American Catholic prelate (born 1940)

Paul Gregory Bootkoski (born July 4, 1940) is an American prelate of the Catholic Church. Bootkoski served as bishop of the Latin Church Diocese of Metuchen in New Jersey from 2002 until March 8, 2016; he was replaced by Monsignor James Checchio. Bootkoski previously served as an auxiliary bishop of the Archdiocese of Newark in New Jersey from 1997 to 2002.

==Biography==

=== Early years ===
Paul Bootkoski was born in Newark, New Jersey on July 4, 1940, to Peter and Antoinette Bootkoski. He attended Our Lady Queen of Peace School in North Arlington, New Jersey, before continuing at St. Benedict's Preparatory School in Newark, New Jersey. After graduating from Seton Hall University in South Orange, New Jersey, with a degree in classical languages, Bootkoski entered Immaculate Conception Seminary at the university. He also received a Master of Education degree from Manhattan College in New York City.

=== Priesthood ===
On May 28, 1966, Bootkoski was ordained as a priest for the Archdiocese of Newark by Archbishop Thomas Boland. In 1980, Bootkoski was appointed assistant vice president for student affairs at Seton Hall. In 1983, He became pastor of St. Mary of the Assumption Parish in Elizabeth, New Jersey and was named by the Vatican as an honorary prelate with the title of monsignor in 1991.
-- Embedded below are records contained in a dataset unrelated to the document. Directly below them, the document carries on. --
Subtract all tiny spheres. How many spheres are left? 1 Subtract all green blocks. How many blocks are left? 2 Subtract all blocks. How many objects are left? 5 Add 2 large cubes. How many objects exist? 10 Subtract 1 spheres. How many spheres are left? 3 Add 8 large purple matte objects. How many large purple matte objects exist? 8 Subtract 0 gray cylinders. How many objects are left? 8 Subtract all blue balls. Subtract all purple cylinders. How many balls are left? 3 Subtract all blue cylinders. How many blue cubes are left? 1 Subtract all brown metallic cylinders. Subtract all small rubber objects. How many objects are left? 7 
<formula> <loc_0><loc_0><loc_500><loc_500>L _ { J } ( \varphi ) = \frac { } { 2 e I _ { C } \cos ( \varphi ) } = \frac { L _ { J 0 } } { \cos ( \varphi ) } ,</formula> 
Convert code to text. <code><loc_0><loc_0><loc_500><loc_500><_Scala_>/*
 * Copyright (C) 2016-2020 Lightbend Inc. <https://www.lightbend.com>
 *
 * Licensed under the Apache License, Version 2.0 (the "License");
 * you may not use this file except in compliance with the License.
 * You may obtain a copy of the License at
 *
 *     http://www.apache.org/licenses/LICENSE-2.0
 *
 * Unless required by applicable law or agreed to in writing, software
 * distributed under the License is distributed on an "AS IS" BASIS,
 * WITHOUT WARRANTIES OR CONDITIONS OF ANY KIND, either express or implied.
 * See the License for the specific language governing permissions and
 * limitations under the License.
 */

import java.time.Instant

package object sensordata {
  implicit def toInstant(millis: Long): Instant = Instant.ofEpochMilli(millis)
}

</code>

=== Auxiliary Bishop of Newark ===
On July 8, 1997, Pope John Paul II appointed Bootkoski as an auxiliary bishop of Newark. He was consecrated by then Archbishop Theodore E. McCarrick on September 5, 1997, at the Cathedral Basilica of the Sacred Heart in Newark.
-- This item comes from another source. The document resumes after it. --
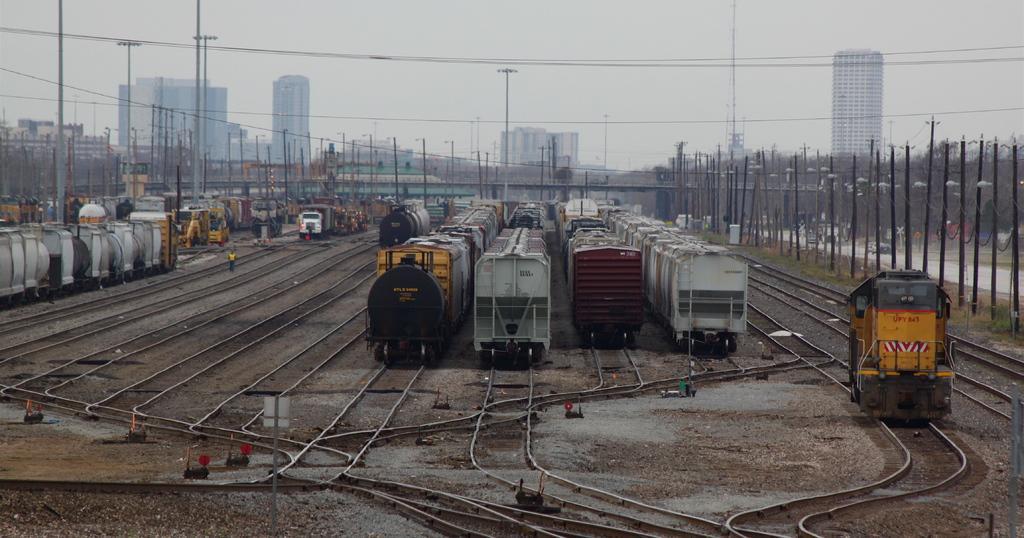In one or two sentences, can you explain what this image depicts? In the image there are many trains. At the bottom of the image there are many train tracks. And there are many poles with wires and lights. In the background there are buildings. At the top of the image there is sky.

Bootkoski became vicar general of the diocese and on January 5, 2001, diocesan administrator when McCarrick was appointed archbishop of the Archdiocese of Washington.

=== Bishop of Metuchen ===
On January 4, 2002, John Paul II appointed Bootkoski as the fourth bishop of Metuchen. He was installed on March 19, 2002.

On January 31, 2003, Bootkoski approved an $800,000 settlement to ten people who had alleged sexual abuse when they were minors by five diocesan priests. In 2005 and 2007, the Diocese of Metuchen and the Archdiocese of Newark paid financial settlements to two priests who had accused McCarrick of abuse. According to Cardinal Donald Wuerl, nobody from the Diocese of Metuchen informed him of these settlements, even after the retired McCarrick began living on the grounds of a seminary in the Archdiocese of Washington.

== Retirement ==
Having passed the normal retirement age of 75, Bootkoski's resignation as bishop of the Diocese of Metuchen was accepted by Pope Francis on March 8, 2016.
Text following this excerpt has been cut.